This is the otherworldly place where Nick Cave & The Bad Seeds and The Dirty Three amalgamate into one. Composed by Warren Ellis (violinist in both bands) and Nick Cave, these forlorn ballads and eerie melodramas hold similarities to the contemporary classical pieces of Cave’s 1996 soundtrack To Have And To Hold. Only here it’s Cave’s lost voice and piano combined with Jim White’s abstract drums and Martyn Casey’s detached basslines, creating a whole different kind of sadness and redemption.
While not conveying the brutality of the film, the desolate and barren terrain present on screen is clearly audible here, unease and menace interwoven into pieces like ‘Down To The Valley’ and ‘The Rider #2’. ‘Martha’s Dream’ and ‘Queenie Suite’ present a strikingly deconstructed resemblance to The Dirty Three’s ‘I Offered It Up To The Stars’. These 16 pieces of music will either draw you closer to the original imagery or leave you with no need for it at all.
PLANT LIFE
The Return Of Jack Splash (Shock)
Bringin’ the old school funk, Plant Life’s Jack Splash has tapped into the vein of creativity that still makes Prince, George Clinton and Isaac Hayes sound light years ahead.

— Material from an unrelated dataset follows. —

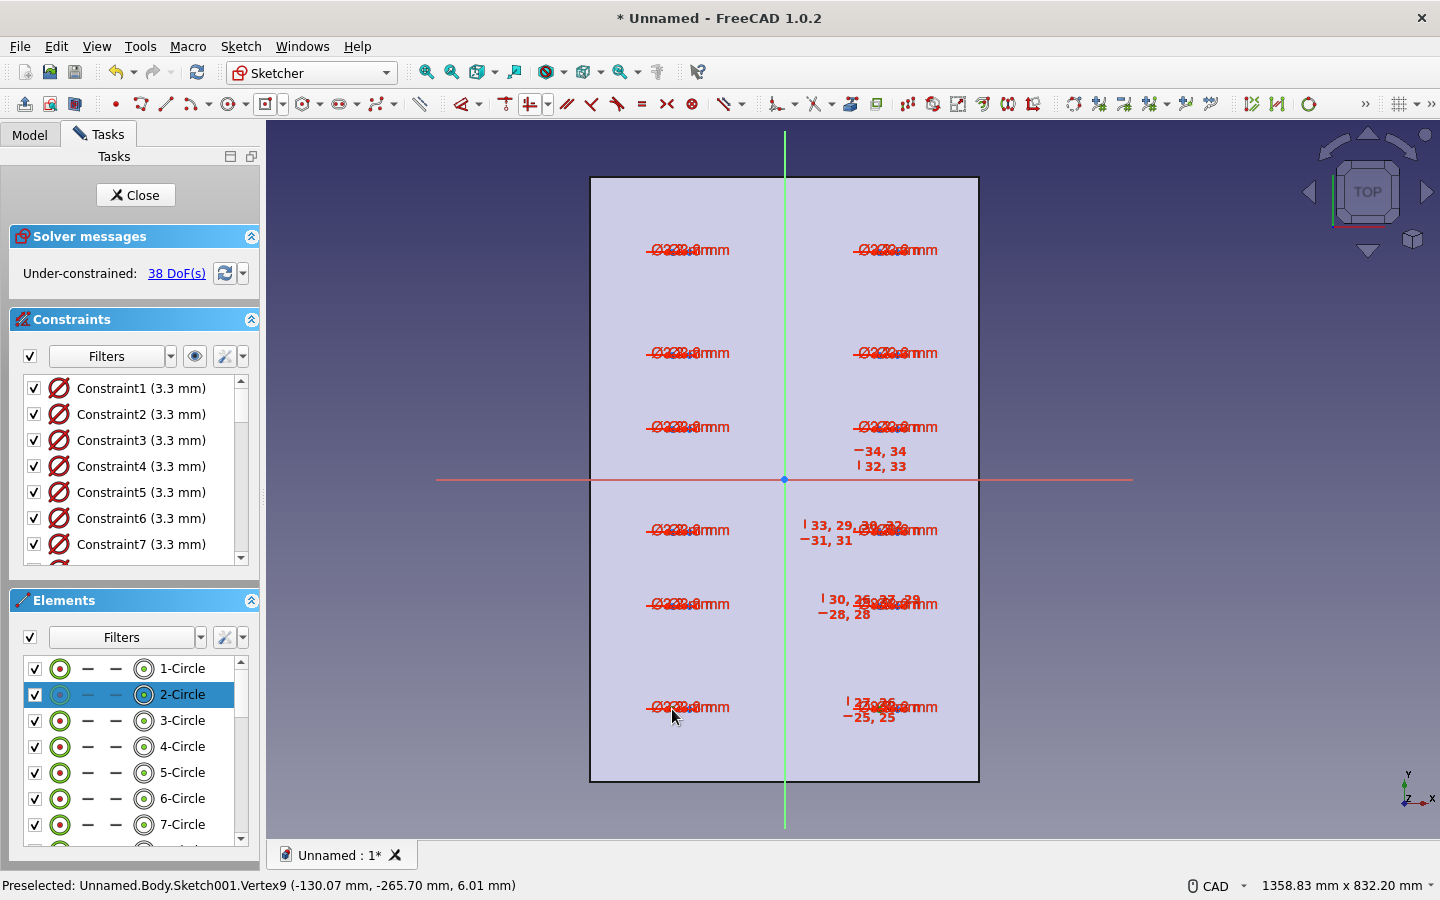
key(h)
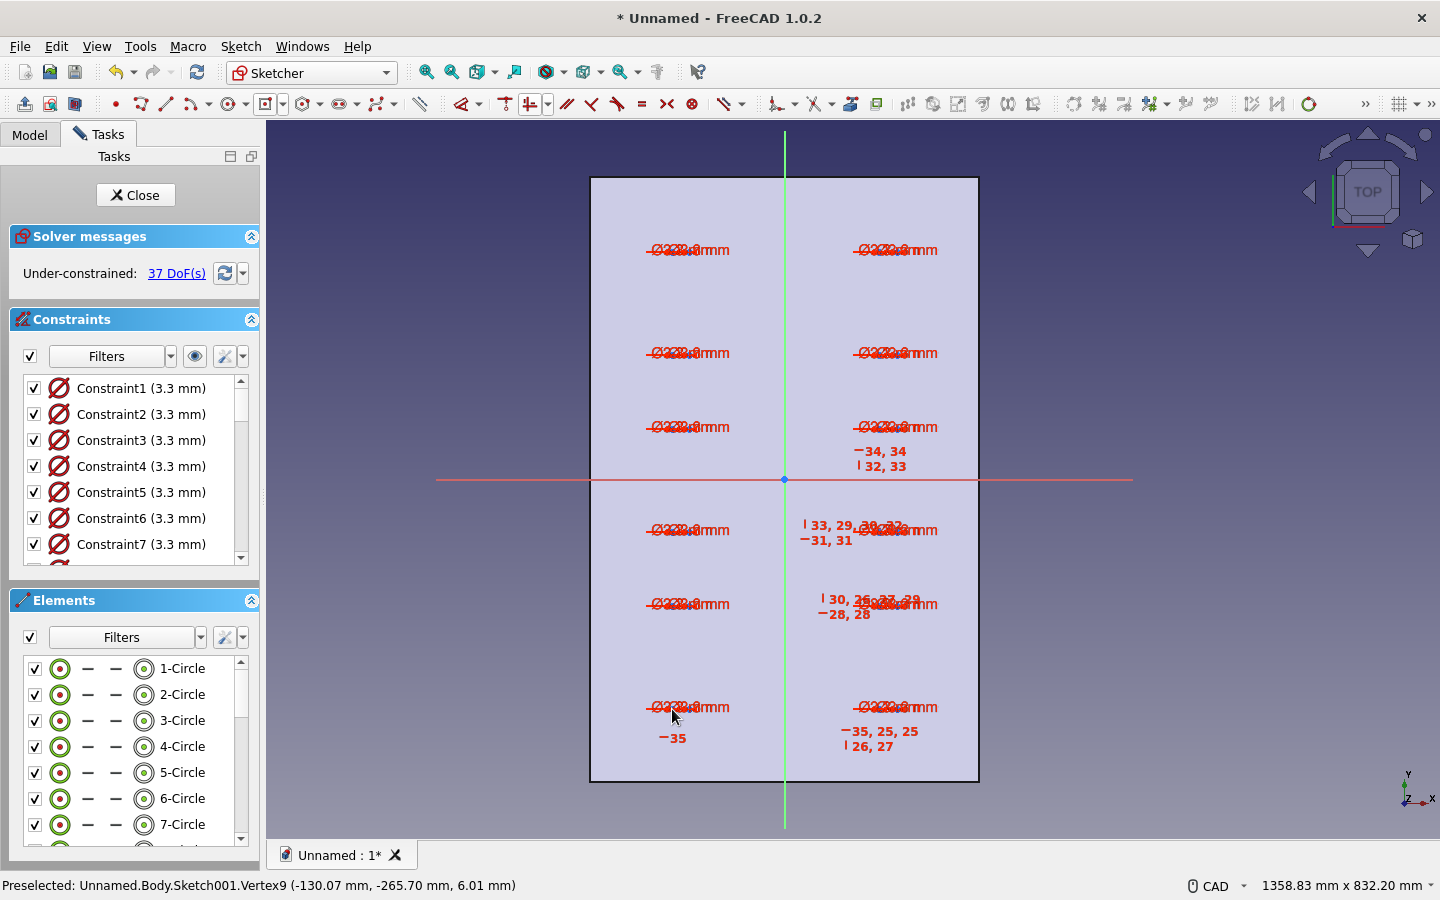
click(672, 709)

Plant Life is filled with a laid back ‘everything’s gonna be all right’ vibe, and so much more. The seamless way in which Splash has sewn modern day hip-hop into the beats and grooves provides such a vast palette, from down-tempo sweeteners to bass line body-rockers. These variables give tracks like ‘We Can Get High’ and ‘Luv For The World’ a harder-edged sound that blends the languid bass lines to ever so subtly reinvent such a classic vibe. We’re talking about Neptunes-styled thinking, reinventing the funk, not just glorifying it – sensuality that’s exemplified in the music and then beautifully articulated through Splash’s sexy falsetto.

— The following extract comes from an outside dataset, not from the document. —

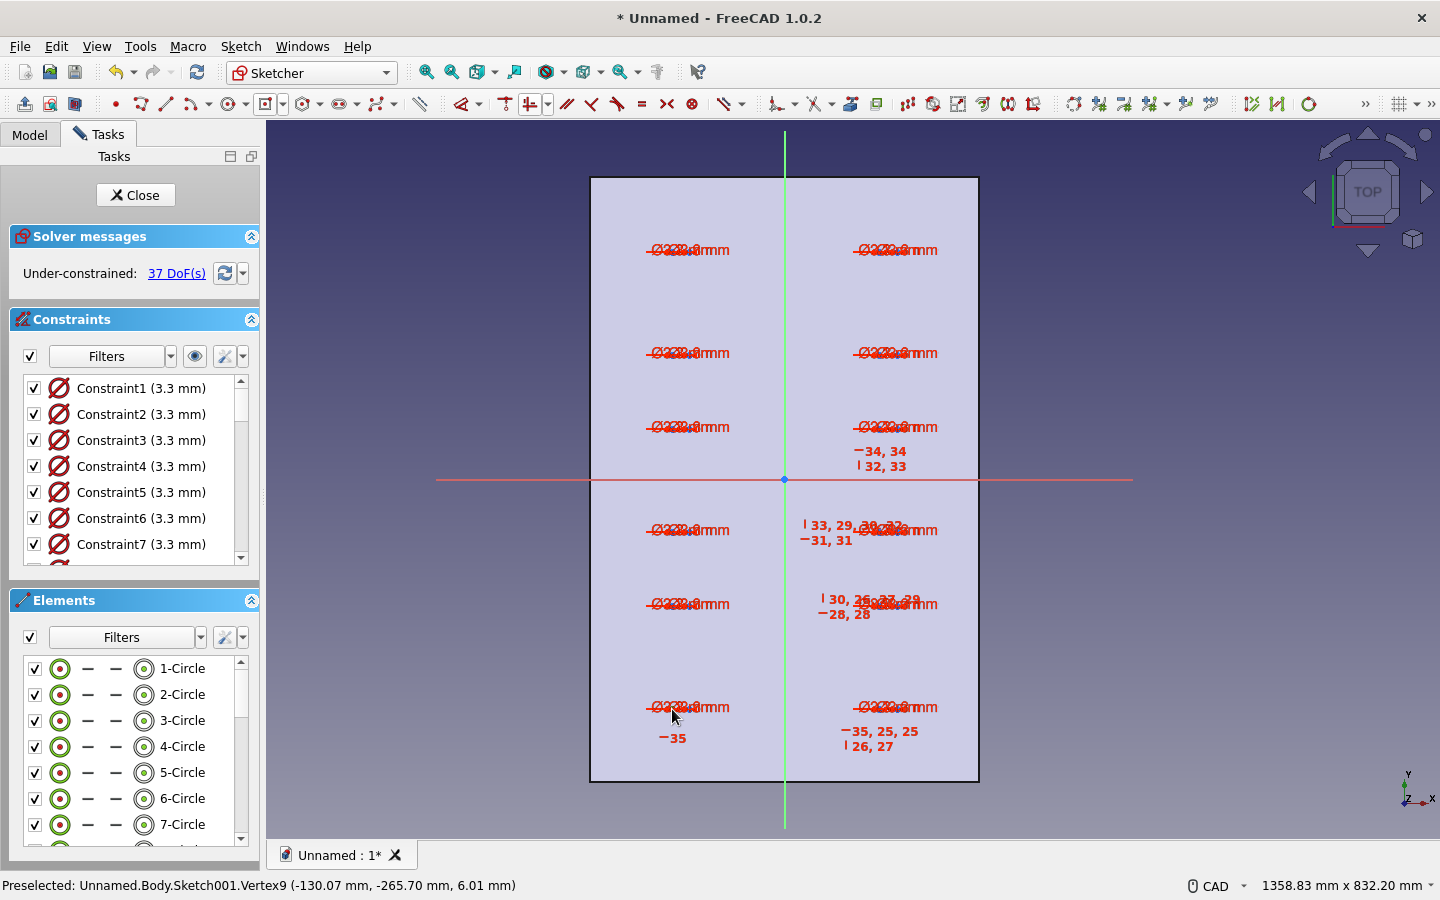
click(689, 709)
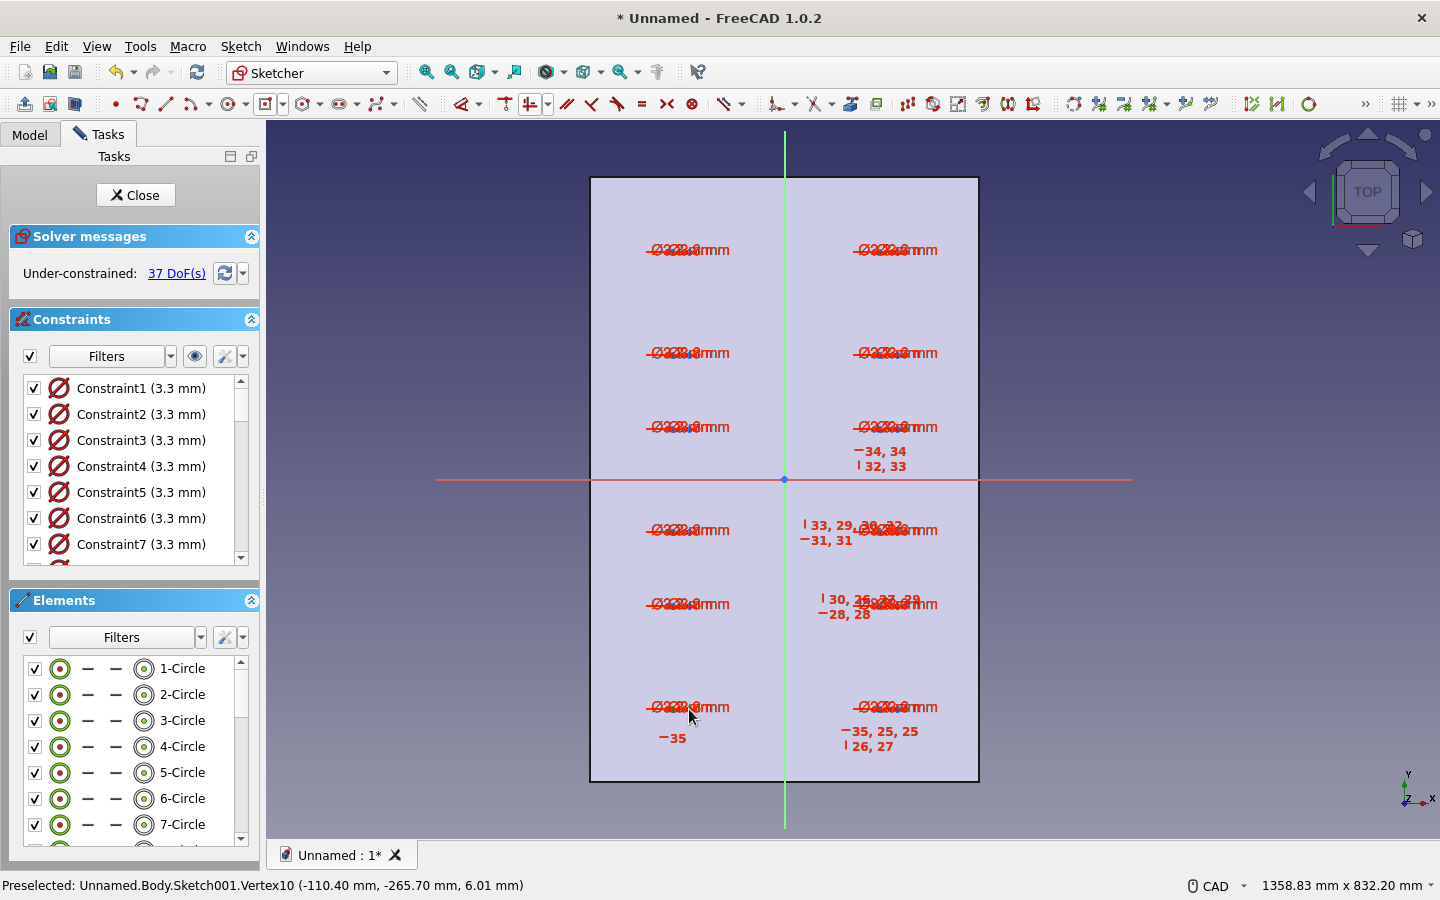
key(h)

As the days start to swelter, these tunes work as the perfect tonic to kick back to, or possibly work up a sweat to.
SMOG
A River Ain’t Too Much To Love (Drag City/Spunk)

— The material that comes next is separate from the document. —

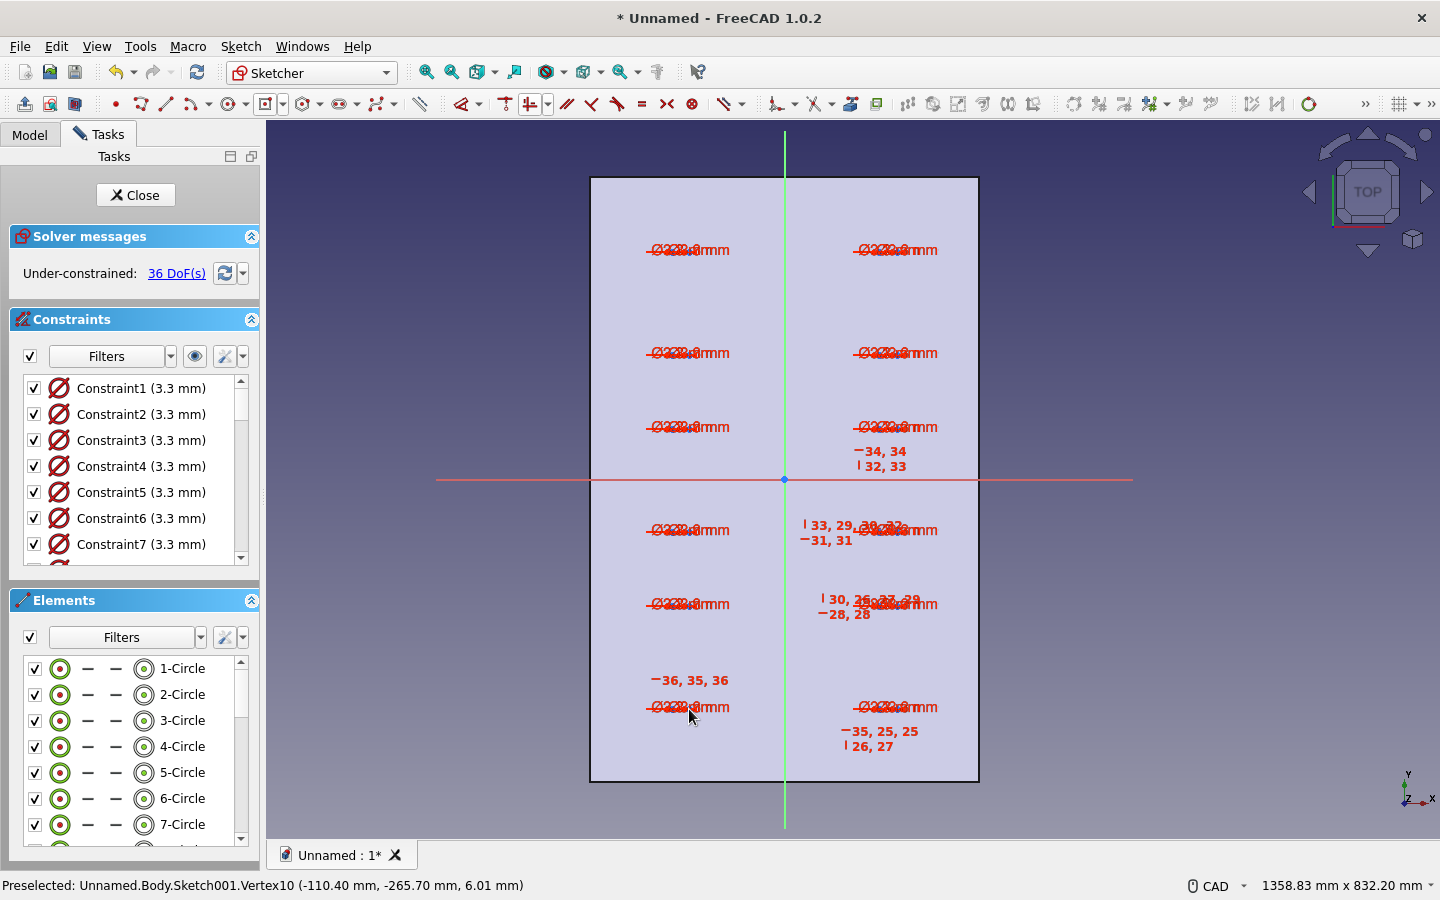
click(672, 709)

While one man with a guitar singing what’s on his mind is not an unusual thing, Smog’s Bill Callahan is definitely not the norm. In fact, Callahan is definitely exceptional when it comes to exposing oneself through song.
Building on a remarkable 11 albums, here the baritone voice of Callahan has the warmest timbre, exuding equal doses of hope and loss. Where there were previously tragically personal tales, this album has beautiful stories that are vast, almost epic (‘Say Valley Maker’, ‘Drinking At The Dam’). Whether it’s the unique phrasing or melody, the songs seem completely uplifting even when they’re achingly sombre.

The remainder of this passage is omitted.